I am trying to intersect two bed files using the intersectBed command of bedtools. But I am generating an error when I haven't run into it before generating these files originally.

I run this:

intersectBed -a H3K1-Chip.MACS2_peaks.narrowPeak -b pol_summits_windowed > pol-H3K1-model

And it generates this error:

Error: Invalid record in file pol_summits_windowed. Record is

chr1    249106180    248956422    Pol-II-Chip.MACS2_peak_8225    22.27517

It seems to be incorrectly adding and subtracting flanks

This is from the unflanked file that i'm trying to flank:

chr1    249106179    249106180    Pol-II-Chip.MACS2_peak_8225

The pol_summits_windowed was created in bedtools using a pol_summit bed file from the sequencing core called by MACS and flanked 250bp in either direction using the flankBed function from bedtools.

The narrowpeak file is a file with all peaks of H3K4me1 from sequencing core. I want to interesect the peaks from this file that overlap my flanked summit file.

Looking at it it seems the chr str is larger than chr end. Don't know what went wrong in the flank command.

Any ideas? It works fine if I don't flank my pol summit file, but then I lose out on some H3K4me1 peaks.

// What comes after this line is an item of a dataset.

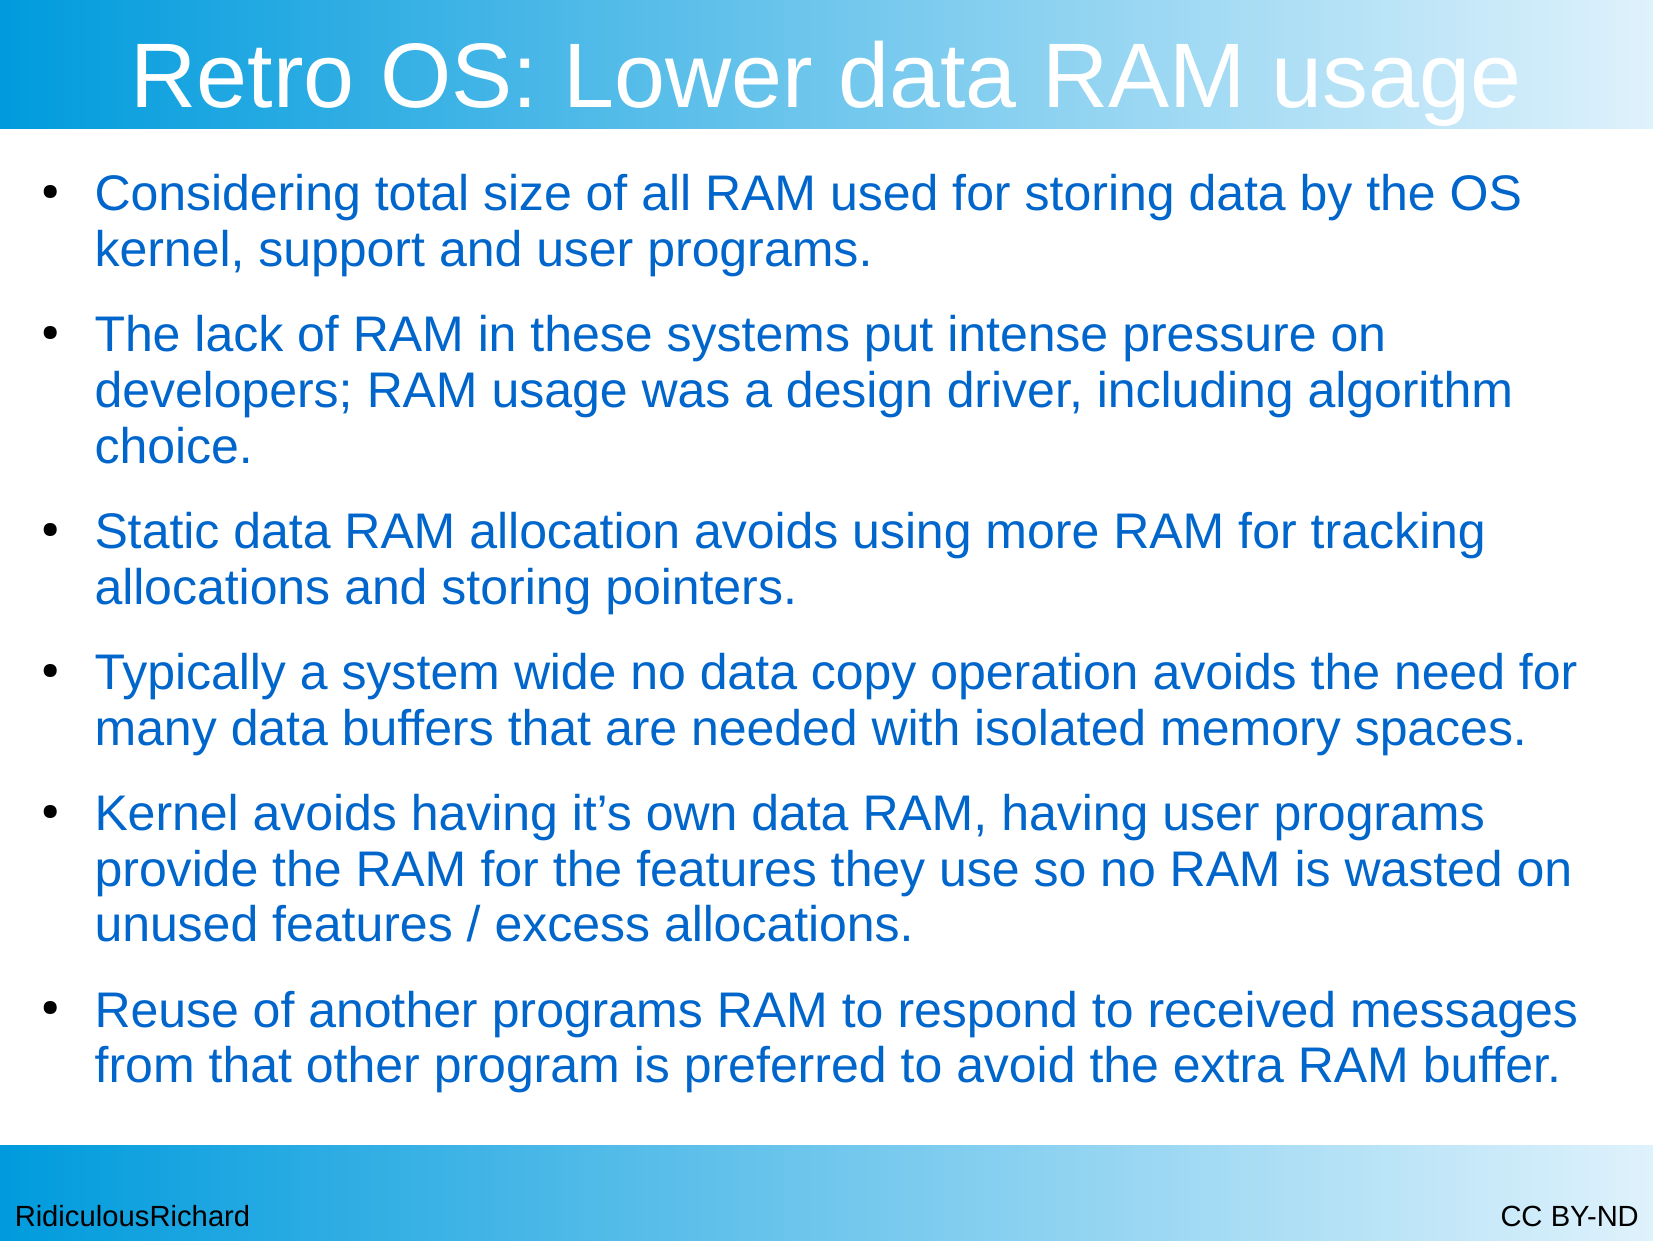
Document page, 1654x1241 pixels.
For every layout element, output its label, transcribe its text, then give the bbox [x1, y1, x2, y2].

list Considering total size of all RAM used for storing data by the OS kernel, support and user programs. The lack of RAM in these systems put intense pressure on developers; RAM usage was a design driver, including algorithm choice. Static data RAM allocation avoids using more RAM for tracking allocations and storing pointers. Typically a system wide no data copy operation avoids the need for many data buffers that are needed with isolated memory spaces. Kernel avoids having it’s own data RAM, having user programs provide the RAM for the features they use so no RAM is wasted on unused features / excess allocations. Reuse of another programs RAM to respond to received messages from that other program is preferred to avoid the extra RAM buffer. [23, 165, 1630, 1123]
title Retro OS: Lower data RAM usage [47, 0, 1607, 165]

EDIT: It's also useful if I not that I have flankedBed this file BEFORE. So that might be giving me the error.

bedtools error intersect • 6.0k views
2
Entering edit mode
6.0 years ago

The end site is before the start site.

0
Entering edit mode

Yes I'm aware that is the problem now. However, this is caused by the flankBed option because otherwise it works. How do I flank these summits without it causing this?

The reason I need to flank this is because if not I am losing true positives I want to keep when intersecting my Pol summits and a mark such as H3K1

0
Entering edit mode

I'm not sure why that's happening, but as long as the coordinates are correct (except that they are reverse order), you can fix this with awk (or excel). Do the ranges look right?

0
Entering edit mode

the ranges are correct, the problem is that this only occurs for some start and end coordinates .. not all of them

0
Entering edit mode

Weird, wonder if it has something to do with the size of the interval. Anyway, yeah, an awk one-liner or excel formula should be able to fix that. Sure is frustrating, though!